◆ Directions ◆
Using the listing below, please print exactly the lines from the one with "Viewport: 953px width, 1232px height." through the one with "This screenshot has height=1307, width=924.". Leave out every picture.

-- Entries shown follows --

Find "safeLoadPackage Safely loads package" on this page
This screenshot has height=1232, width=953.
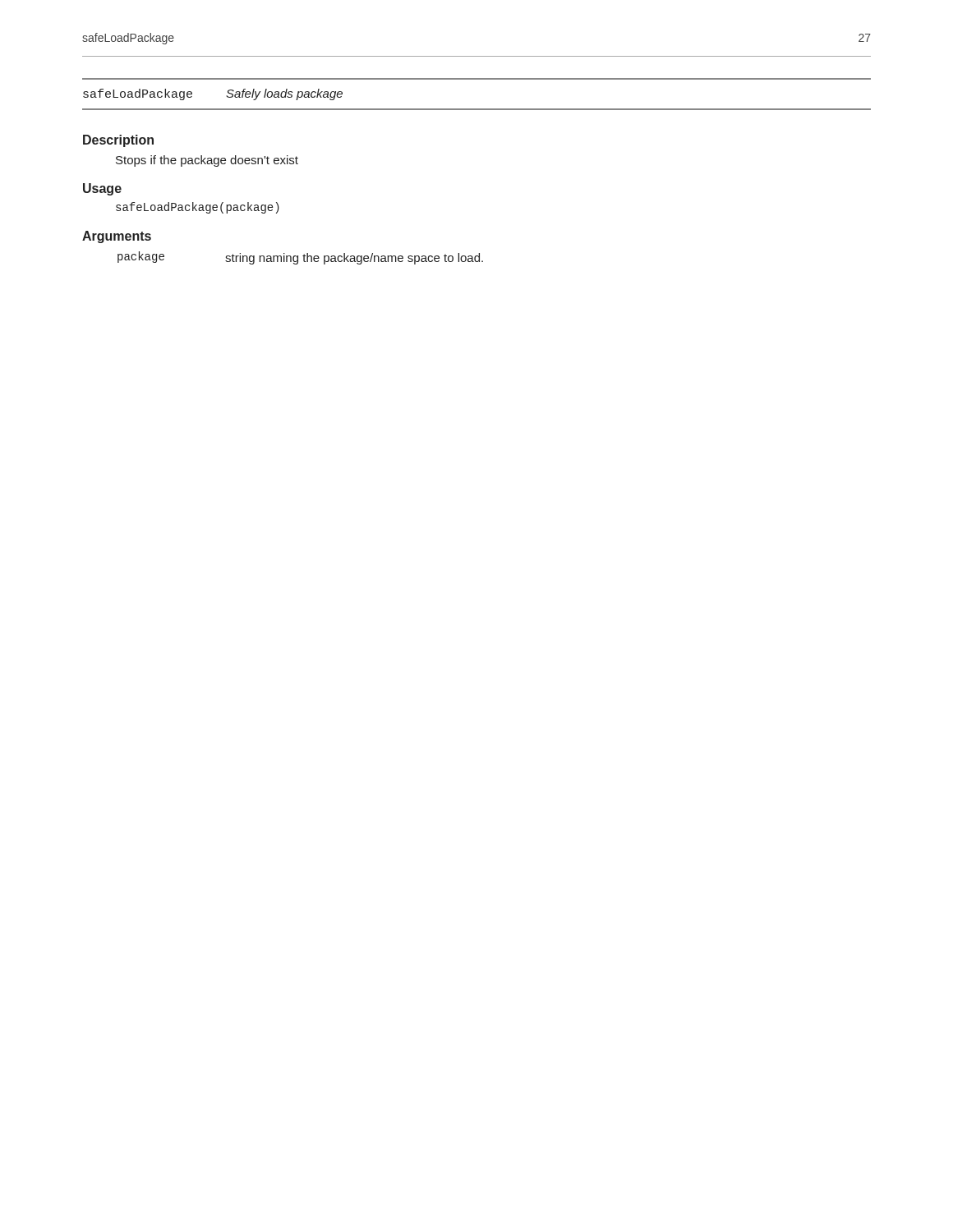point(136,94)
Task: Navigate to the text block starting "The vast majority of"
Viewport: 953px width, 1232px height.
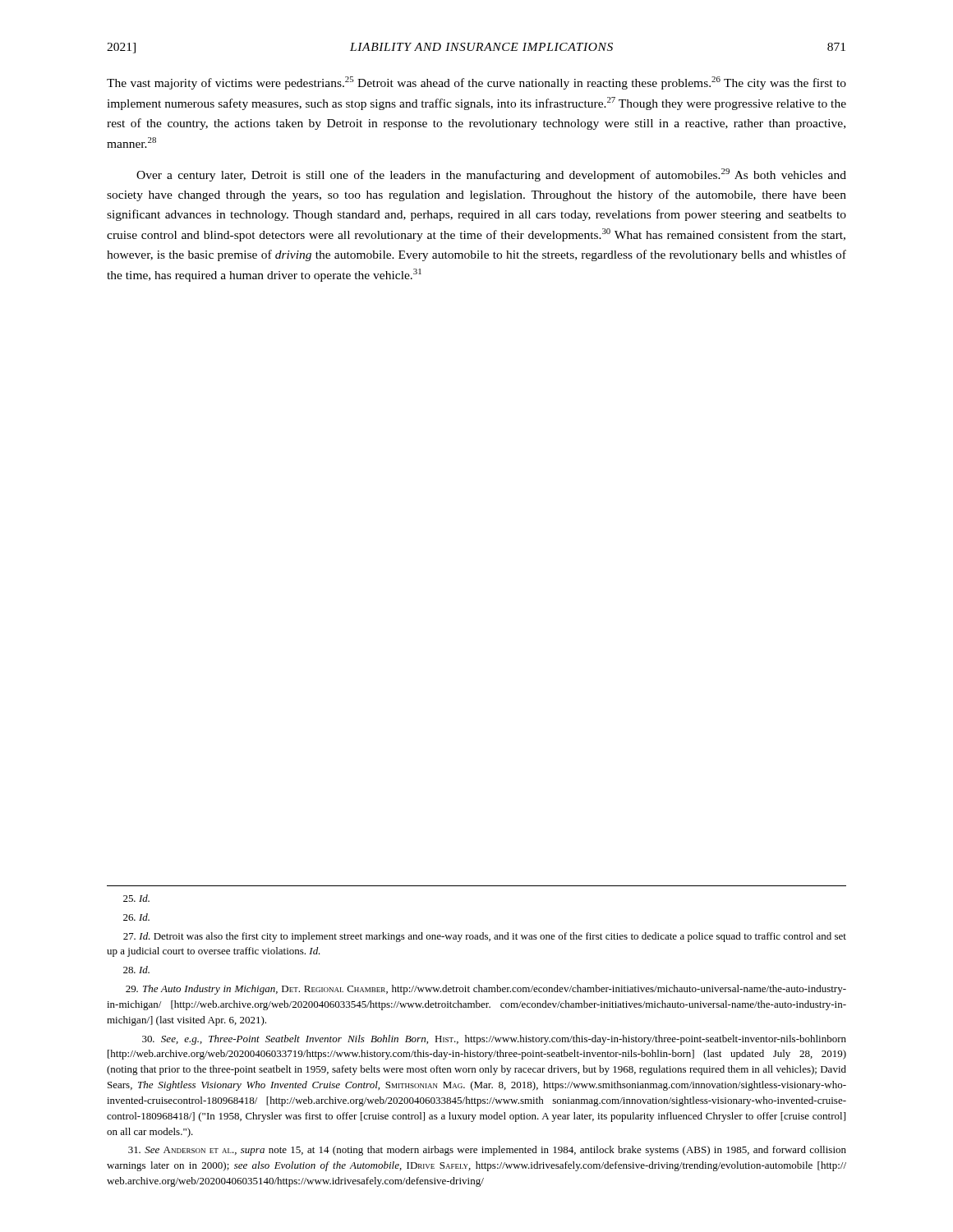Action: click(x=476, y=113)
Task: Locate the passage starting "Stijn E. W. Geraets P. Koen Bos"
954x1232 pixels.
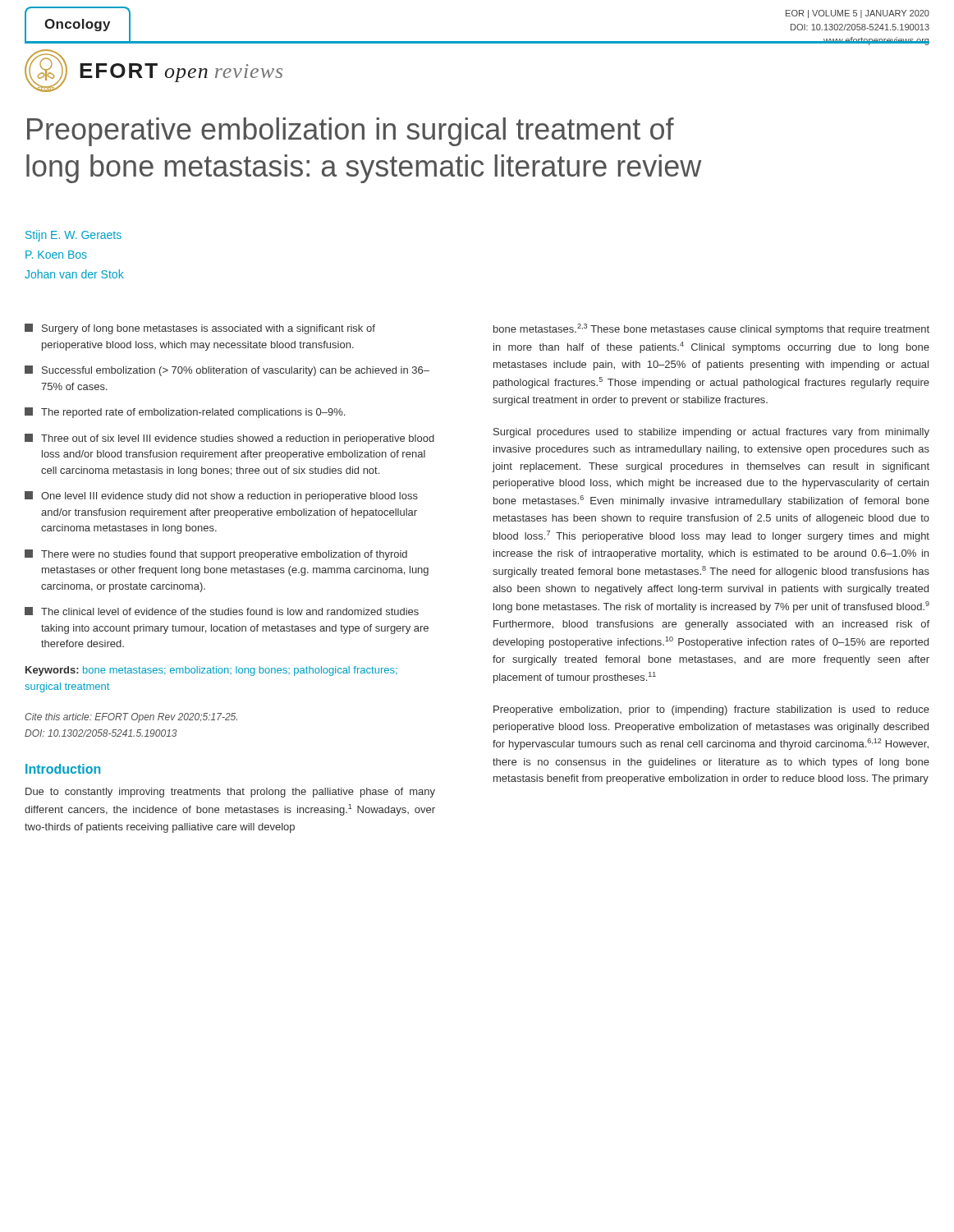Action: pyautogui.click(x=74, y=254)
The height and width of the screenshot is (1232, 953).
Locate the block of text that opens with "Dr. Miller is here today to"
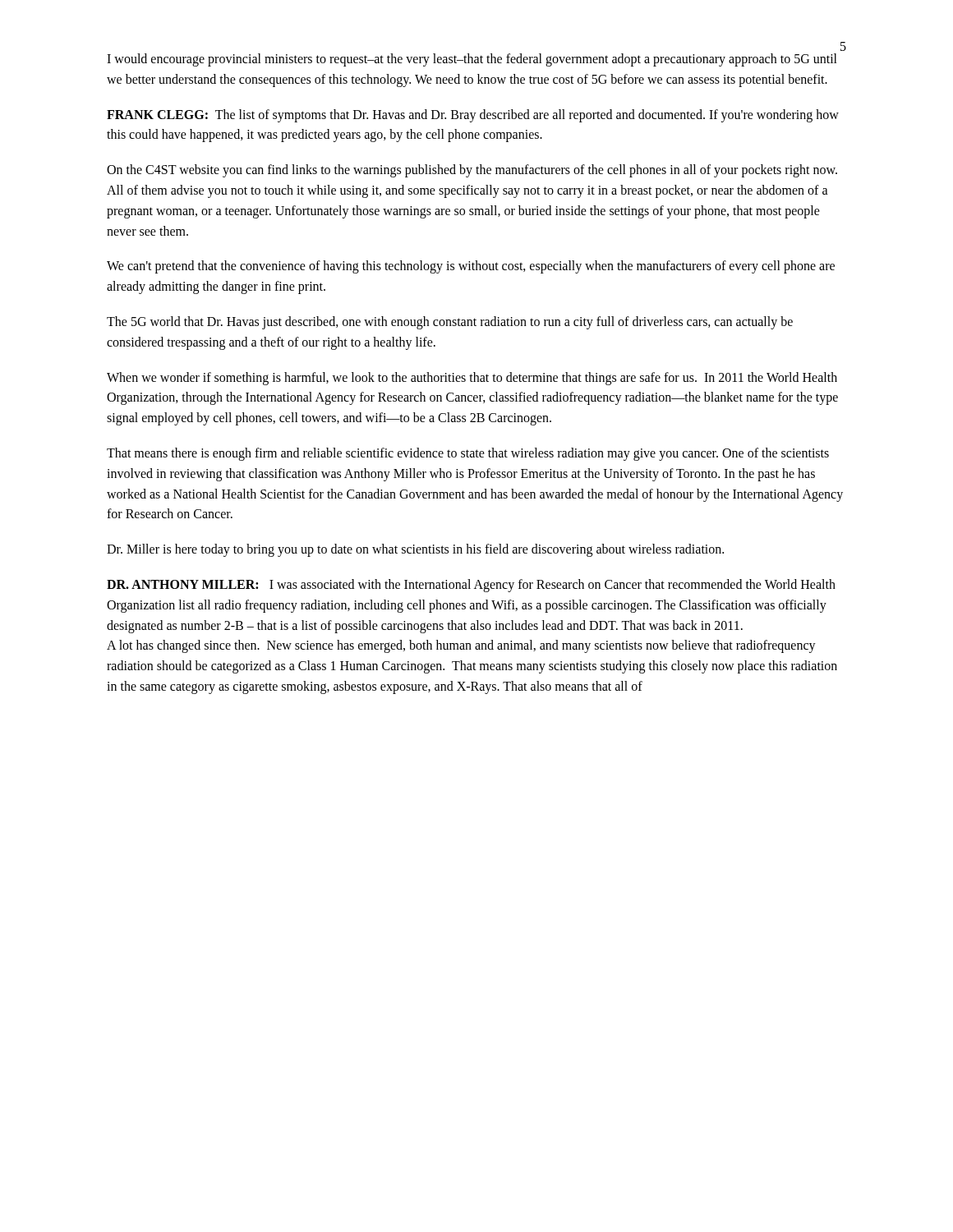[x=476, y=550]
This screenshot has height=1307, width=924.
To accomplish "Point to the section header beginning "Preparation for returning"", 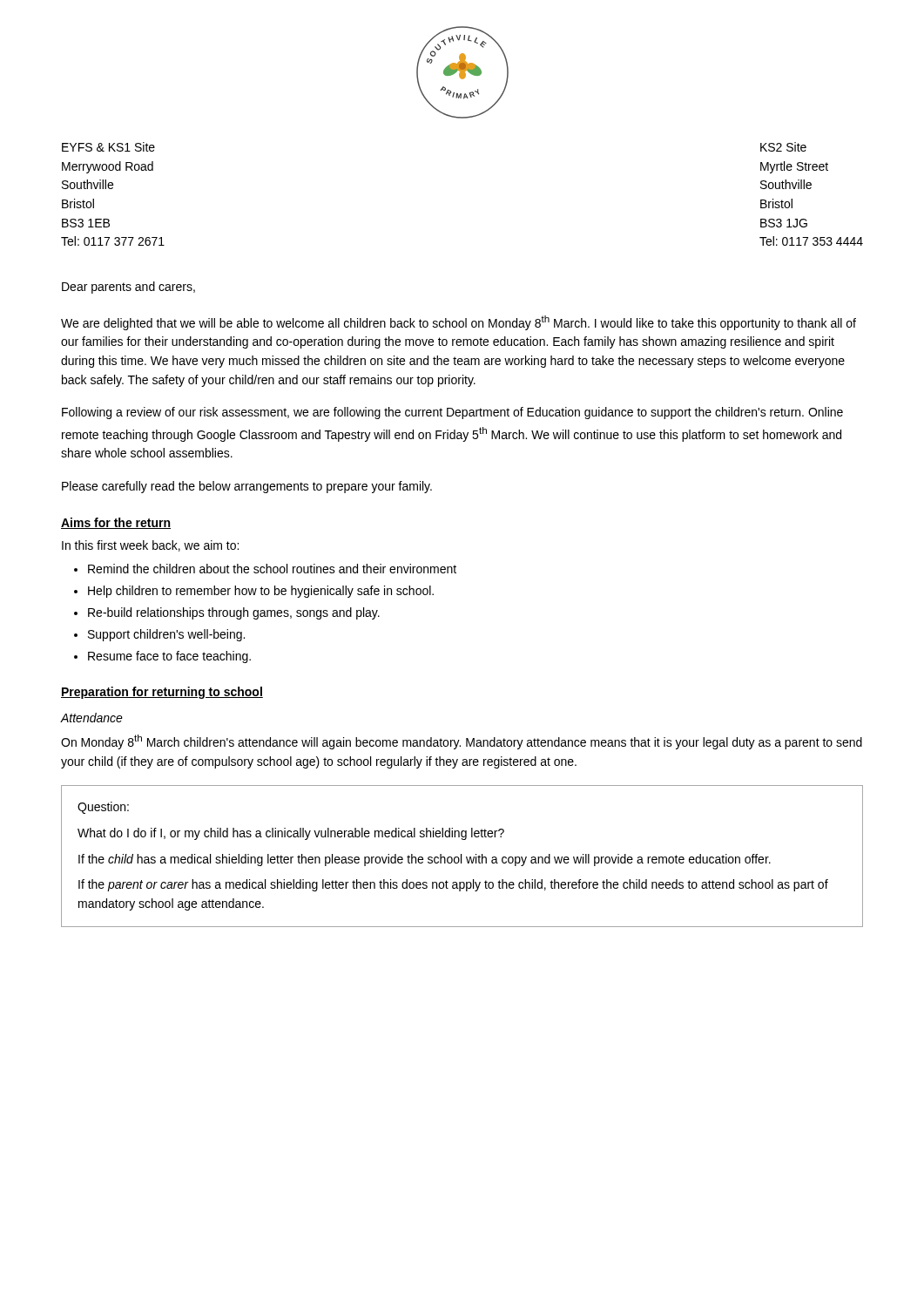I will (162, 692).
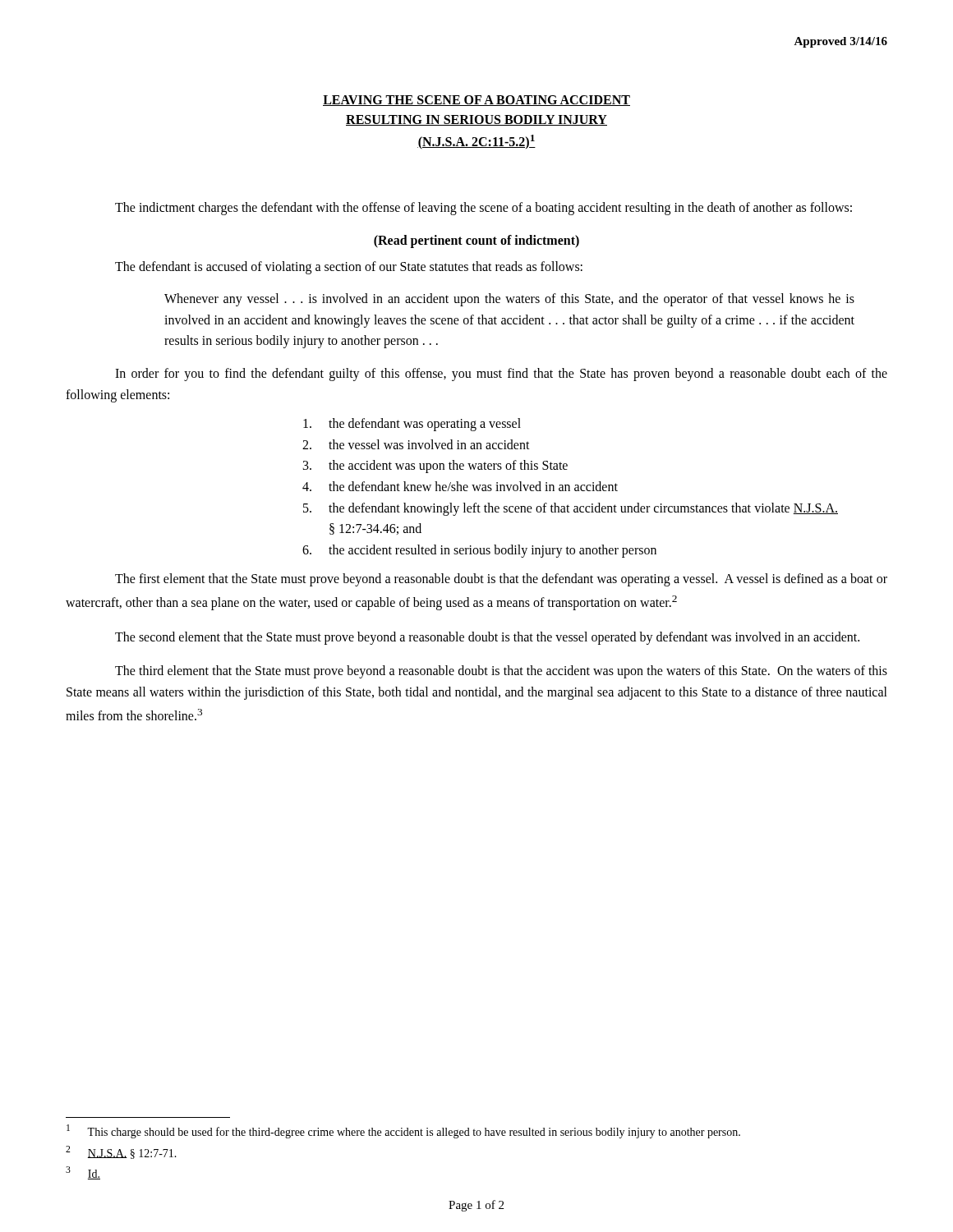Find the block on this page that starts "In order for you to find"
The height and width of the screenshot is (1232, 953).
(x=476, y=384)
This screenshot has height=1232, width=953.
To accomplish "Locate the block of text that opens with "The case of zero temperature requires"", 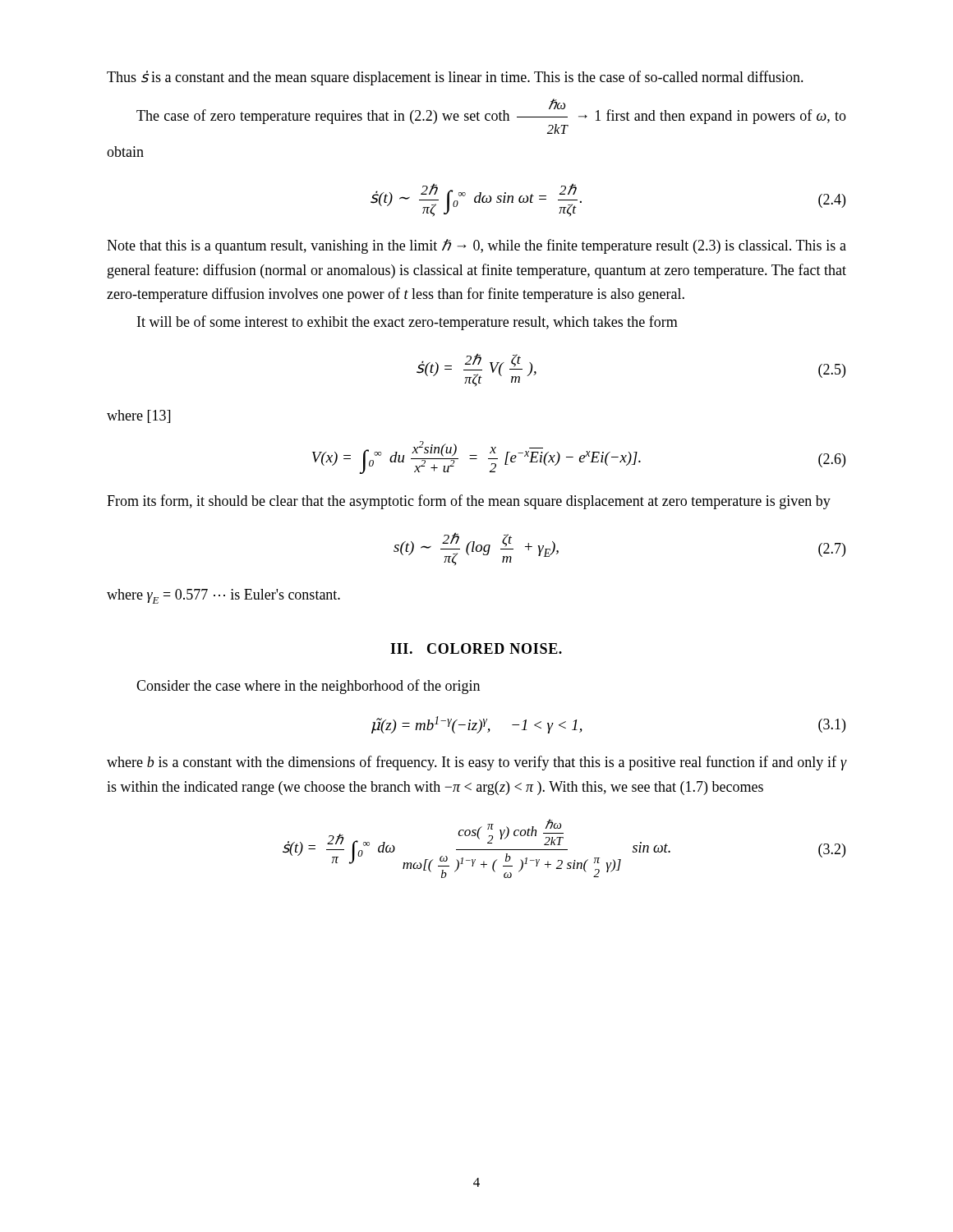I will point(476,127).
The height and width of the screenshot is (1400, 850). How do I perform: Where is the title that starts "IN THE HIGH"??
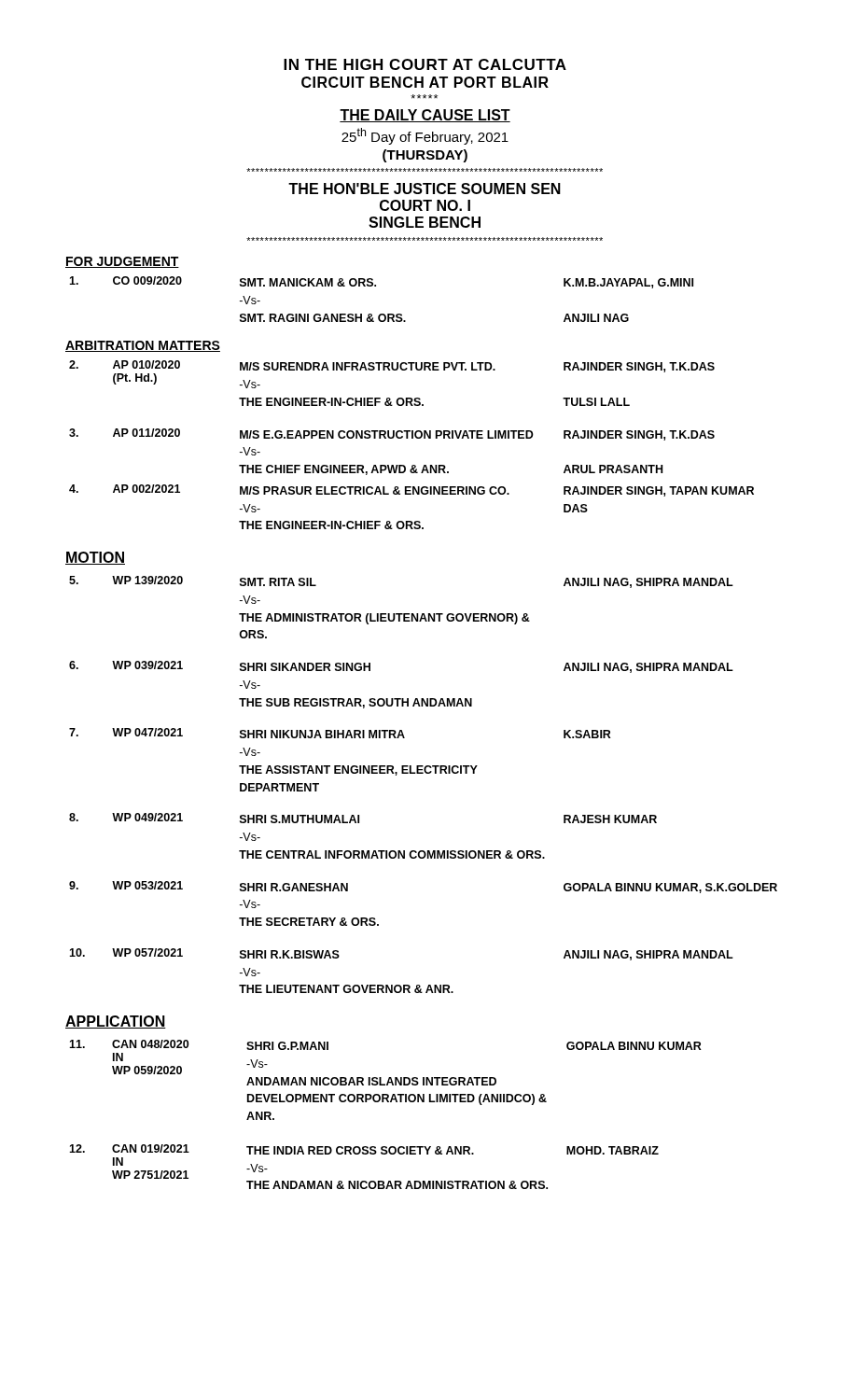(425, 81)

-- Entries shown concluded --

◆ Your response ◆
Viewport: 953px width, 1232px height.
Action: click(x=476, y=113)
Task: Locate the passage starting "Stijn E. W. Geraets P. Koen Bos"
954x1232 pixels.
Action: pyautogui.click(x=74, y=254)
The height and width of the screenshot is (1232, 953).
Locate the block of text that opens with "Dr. Miller is here today to"
[x=476, y=550]
This screenshot has height=1307, width=924.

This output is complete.